Exercise objective |
In how many lines of the records below does the word "tempo" appear? Reply with the number only.

Dataset entries:
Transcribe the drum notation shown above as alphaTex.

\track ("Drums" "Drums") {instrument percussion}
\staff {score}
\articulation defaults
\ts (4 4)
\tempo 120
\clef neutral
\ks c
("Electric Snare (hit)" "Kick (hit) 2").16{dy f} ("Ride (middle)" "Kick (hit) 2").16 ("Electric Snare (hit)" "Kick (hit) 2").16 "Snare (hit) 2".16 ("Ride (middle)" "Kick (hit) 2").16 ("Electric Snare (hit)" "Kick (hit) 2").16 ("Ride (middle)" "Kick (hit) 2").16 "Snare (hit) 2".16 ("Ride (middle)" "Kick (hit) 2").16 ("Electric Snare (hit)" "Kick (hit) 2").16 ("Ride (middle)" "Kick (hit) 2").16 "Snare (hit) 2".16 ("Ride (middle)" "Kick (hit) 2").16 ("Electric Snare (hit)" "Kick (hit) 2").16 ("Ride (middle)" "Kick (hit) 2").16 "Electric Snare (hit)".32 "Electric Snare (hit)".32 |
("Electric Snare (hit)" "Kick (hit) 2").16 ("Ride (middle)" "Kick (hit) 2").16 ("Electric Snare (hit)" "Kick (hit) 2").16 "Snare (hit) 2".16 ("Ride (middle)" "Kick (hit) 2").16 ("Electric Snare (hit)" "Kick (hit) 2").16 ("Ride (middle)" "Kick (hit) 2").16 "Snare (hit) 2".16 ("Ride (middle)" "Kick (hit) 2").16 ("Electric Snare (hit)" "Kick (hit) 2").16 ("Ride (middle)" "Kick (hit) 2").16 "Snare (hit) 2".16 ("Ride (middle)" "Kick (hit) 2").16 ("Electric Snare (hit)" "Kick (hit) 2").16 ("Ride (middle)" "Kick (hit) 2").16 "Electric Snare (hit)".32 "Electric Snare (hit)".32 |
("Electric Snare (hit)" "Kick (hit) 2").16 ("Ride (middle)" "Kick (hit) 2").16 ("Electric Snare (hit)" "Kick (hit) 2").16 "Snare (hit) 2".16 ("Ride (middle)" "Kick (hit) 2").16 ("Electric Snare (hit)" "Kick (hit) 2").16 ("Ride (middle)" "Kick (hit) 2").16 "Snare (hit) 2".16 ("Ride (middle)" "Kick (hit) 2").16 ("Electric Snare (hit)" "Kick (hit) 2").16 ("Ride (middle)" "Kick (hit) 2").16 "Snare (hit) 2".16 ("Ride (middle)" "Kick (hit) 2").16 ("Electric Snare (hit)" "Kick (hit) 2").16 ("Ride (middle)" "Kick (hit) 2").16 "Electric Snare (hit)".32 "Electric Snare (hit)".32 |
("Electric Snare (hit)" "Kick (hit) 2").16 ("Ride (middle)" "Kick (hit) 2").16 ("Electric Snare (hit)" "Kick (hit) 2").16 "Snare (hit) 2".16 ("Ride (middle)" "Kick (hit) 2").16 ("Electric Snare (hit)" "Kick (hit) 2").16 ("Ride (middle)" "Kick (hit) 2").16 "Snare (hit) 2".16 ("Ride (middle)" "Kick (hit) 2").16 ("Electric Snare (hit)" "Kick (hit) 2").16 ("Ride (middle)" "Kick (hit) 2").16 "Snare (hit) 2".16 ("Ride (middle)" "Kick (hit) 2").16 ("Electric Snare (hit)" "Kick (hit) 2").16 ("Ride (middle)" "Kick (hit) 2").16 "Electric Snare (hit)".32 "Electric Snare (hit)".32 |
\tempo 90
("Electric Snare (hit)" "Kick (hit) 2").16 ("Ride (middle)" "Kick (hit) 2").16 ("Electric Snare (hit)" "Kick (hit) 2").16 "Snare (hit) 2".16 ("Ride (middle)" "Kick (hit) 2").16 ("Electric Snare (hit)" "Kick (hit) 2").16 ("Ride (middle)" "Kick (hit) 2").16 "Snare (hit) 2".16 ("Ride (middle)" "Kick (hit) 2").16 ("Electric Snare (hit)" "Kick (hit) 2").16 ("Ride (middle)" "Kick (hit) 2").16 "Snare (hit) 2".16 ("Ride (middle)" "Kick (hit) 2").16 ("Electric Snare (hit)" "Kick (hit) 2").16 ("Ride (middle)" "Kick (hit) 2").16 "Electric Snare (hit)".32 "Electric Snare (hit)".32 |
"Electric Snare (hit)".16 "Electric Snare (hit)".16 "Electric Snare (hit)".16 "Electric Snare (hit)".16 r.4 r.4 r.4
* * *
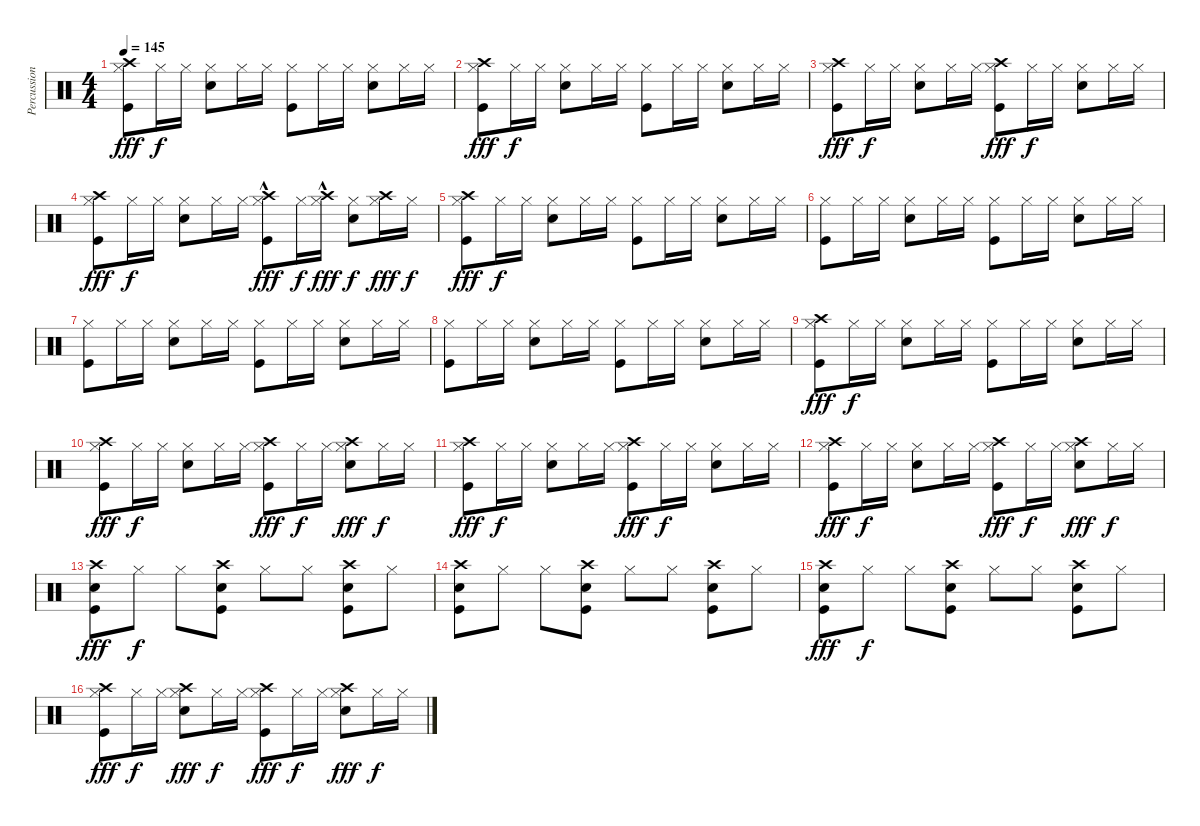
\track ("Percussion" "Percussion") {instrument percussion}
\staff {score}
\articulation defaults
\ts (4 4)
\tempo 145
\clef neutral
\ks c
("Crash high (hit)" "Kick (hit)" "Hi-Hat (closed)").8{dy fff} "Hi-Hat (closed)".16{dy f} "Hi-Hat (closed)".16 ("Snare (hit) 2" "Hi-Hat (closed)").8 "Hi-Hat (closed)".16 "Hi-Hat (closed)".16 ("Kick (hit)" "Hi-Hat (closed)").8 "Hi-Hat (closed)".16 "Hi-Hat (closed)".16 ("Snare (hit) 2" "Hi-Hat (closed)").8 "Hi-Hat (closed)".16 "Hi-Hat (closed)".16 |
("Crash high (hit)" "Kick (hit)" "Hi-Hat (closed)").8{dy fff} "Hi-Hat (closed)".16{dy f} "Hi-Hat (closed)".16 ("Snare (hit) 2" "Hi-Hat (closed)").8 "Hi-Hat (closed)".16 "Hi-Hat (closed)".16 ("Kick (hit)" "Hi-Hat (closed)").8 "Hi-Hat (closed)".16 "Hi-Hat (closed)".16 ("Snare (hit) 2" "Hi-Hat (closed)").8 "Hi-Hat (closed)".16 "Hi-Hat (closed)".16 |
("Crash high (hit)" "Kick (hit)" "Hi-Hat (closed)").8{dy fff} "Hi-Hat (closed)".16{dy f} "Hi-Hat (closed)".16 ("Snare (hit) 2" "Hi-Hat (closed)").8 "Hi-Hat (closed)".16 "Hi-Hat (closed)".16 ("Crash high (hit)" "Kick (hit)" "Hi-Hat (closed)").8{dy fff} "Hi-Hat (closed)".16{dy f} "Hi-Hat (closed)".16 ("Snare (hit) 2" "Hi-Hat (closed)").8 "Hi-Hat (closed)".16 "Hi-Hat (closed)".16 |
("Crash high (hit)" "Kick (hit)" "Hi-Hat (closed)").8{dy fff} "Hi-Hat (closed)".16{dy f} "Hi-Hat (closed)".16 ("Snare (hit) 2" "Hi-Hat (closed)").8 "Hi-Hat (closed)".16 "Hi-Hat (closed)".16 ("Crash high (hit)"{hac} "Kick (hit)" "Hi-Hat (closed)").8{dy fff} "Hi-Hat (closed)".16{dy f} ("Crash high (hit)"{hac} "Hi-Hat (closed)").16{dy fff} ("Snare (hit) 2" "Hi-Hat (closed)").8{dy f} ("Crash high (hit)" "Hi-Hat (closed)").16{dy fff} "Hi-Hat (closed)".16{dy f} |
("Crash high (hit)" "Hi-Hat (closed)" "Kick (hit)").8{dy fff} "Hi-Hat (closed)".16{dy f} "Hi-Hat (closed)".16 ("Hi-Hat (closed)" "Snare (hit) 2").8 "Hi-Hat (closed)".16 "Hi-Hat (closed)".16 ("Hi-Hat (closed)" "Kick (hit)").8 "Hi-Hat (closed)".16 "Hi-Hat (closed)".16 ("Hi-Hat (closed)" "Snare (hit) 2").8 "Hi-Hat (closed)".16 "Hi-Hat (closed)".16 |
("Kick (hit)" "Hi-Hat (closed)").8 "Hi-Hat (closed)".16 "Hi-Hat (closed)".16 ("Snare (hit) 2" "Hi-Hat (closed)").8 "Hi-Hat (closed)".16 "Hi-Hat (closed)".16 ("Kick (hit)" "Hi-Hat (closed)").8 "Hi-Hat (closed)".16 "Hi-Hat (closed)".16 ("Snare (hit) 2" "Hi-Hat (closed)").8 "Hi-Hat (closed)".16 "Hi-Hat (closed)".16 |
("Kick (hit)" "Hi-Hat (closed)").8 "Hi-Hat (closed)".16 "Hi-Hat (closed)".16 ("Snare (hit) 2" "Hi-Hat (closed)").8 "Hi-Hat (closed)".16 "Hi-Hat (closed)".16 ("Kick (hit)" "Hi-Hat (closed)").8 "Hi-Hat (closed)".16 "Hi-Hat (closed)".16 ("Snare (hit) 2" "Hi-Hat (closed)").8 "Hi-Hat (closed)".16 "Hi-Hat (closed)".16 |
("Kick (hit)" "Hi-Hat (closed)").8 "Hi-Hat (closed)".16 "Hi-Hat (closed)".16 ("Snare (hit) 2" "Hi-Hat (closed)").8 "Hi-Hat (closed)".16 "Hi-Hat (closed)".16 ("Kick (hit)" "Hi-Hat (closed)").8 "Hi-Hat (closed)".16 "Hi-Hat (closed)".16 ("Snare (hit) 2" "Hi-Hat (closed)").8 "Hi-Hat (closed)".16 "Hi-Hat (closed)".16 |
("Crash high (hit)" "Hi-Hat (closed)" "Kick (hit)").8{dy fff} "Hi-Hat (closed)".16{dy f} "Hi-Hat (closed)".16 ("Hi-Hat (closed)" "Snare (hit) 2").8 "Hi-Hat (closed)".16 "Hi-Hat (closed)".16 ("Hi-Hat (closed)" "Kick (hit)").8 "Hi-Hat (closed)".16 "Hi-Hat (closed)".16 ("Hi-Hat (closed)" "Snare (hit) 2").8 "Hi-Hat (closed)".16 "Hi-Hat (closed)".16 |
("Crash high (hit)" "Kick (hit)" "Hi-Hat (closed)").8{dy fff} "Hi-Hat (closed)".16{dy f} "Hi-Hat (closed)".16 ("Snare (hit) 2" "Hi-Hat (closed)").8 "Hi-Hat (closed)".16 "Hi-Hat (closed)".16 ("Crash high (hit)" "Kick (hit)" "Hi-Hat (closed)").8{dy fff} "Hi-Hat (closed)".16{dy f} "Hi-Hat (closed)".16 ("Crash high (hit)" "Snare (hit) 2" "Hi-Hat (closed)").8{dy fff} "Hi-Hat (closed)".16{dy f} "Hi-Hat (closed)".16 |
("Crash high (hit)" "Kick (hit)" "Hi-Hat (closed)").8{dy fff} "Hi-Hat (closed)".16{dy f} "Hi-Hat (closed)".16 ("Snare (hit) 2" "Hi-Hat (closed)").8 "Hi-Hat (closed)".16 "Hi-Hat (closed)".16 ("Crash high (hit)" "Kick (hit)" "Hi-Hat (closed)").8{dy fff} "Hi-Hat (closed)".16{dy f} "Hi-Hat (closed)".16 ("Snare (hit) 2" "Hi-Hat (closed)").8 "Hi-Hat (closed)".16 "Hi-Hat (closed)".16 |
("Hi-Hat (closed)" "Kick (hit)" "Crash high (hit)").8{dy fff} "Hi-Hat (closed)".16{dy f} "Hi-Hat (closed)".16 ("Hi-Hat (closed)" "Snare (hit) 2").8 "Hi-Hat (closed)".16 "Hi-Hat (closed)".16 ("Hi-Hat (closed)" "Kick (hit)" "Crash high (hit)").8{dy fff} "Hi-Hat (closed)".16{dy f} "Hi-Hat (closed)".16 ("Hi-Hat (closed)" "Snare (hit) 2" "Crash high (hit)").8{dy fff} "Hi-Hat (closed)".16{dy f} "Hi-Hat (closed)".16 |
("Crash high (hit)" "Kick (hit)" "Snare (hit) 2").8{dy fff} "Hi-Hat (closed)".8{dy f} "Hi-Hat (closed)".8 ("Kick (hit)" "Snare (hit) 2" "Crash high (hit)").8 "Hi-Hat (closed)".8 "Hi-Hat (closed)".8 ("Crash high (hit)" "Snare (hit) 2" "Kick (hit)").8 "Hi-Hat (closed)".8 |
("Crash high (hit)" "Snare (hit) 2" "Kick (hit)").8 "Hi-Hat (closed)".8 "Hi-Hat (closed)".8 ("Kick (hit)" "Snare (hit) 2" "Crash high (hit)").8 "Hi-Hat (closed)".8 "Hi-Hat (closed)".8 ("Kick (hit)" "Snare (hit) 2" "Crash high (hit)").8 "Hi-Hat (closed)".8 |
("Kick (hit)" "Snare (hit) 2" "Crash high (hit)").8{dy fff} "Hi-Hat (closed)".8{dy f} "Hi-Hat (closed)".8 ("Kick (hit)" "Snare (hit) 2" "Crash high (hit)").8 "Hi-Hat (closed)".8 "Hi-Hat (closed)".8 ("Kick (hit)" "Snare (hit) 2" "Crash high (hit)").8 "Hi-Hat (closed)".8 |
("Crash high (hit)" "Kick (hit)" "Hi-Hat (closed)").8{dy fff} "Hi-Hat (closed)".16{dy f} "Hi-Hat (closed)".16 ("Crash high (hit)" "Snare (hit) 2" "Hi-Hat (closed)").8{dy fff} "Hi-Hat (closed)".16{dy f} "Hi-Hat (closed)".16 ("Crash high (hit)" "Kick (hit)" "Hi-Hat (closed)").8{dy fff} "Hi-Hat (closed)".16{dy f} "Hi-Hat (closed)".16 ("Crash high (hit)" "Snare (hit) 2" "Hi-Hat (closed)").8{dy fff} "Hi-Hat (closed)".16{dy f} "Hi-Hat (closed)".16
---
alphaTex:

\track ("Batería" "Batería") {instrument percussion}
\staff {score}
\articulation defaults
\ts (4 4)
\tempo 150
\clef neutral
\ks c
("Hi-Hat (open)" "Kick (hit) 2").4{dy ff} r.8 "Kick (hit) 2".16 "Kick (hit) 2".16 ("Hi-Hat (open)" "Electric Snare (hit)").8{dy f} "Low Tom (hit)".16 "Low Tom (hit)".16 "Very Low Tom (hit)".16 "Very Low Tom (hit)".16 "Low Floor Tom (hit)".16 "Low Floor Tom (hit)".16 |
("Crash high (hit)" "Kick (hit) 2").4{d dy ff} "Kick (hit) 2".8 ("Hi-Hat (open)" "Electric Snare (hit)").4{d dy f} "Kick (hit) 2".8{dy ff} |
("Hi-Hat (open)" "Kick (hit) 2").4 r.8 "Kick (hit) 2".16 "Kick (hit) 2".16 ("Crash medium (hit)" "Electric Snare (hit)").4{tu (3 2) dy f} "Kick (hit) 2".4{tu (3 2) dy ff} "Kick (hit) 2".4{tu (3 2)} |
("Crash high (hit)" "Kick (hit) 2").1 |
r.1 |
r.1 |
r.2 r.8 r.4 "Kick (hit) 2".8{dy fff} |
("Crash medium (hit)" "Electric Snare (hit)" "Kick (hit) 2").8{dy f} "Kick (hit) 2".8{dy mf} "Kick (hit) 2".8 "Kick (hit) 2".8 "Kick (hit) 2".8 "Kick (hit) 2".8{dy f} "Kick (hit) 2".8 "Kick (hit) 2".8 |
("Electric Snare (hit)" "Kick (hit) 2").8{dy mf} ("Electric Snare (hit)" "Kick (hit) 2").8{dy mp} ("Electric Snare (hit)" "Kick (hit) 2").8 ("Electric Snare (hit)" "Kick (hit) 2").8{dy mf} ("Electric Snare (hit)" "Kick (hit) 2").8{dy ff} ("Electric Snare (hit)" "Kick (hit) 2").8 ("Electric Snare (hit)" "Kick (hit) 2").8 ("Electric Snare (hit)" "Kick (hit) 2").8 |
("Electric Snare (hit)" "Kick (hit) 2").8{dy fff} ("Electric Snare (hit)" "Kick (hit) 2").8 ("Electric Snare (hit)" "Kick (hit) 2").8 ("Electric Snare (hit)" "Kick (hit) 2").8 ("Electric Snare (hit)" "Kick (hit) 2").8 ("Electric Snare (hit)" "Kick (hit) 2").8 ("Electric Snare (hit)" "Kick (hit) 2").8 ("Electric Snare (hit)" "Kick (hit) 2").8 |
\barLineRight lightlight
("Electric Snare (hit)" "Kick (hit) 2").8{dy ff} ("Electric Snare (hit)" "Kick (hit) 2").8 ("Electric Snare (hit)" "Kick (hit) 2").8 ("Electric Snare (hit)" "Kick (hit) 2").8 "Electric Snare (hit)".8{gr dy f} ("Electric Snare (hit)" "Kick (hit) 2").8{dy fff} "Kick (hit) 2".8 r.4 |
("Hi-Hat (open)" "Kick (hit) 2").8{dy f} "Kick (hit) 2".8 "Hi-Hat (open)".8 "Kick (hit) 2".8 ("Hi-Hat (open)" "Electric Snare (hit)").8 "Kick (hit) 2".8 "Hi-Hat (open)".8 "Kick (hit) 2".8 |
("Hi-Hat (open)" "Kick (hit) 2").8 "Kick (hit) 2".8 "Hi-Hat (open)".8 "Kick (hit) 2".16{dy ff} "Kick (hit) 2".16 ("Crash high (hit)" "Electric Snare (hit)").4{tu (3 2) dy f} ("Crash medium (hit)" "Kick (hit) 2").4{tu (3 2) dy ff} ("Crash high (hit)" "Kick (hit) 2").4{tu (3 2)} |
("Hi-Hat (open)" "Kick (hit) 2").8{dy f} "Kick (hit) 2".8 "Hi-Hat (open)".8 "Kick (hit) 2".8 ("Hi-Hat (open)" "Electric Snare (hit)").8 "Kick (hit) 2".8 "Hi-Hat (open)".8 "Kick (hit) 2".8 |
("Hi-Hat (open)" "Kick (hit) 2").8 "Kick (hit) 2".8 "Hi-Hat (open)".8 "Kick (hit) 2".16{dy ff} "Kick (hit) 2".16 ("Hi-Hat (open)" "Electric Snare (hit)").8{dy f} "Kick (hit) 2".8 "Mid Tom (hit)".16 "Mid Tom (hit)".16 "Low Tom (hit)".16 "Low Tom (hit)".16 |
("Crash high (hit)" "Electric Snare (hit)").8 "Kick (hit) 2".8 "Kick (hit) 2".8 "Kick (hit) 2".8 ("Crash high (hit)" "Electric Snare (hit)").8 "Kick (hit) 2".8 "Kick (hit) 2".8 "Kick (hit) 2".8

Answer to this task |
4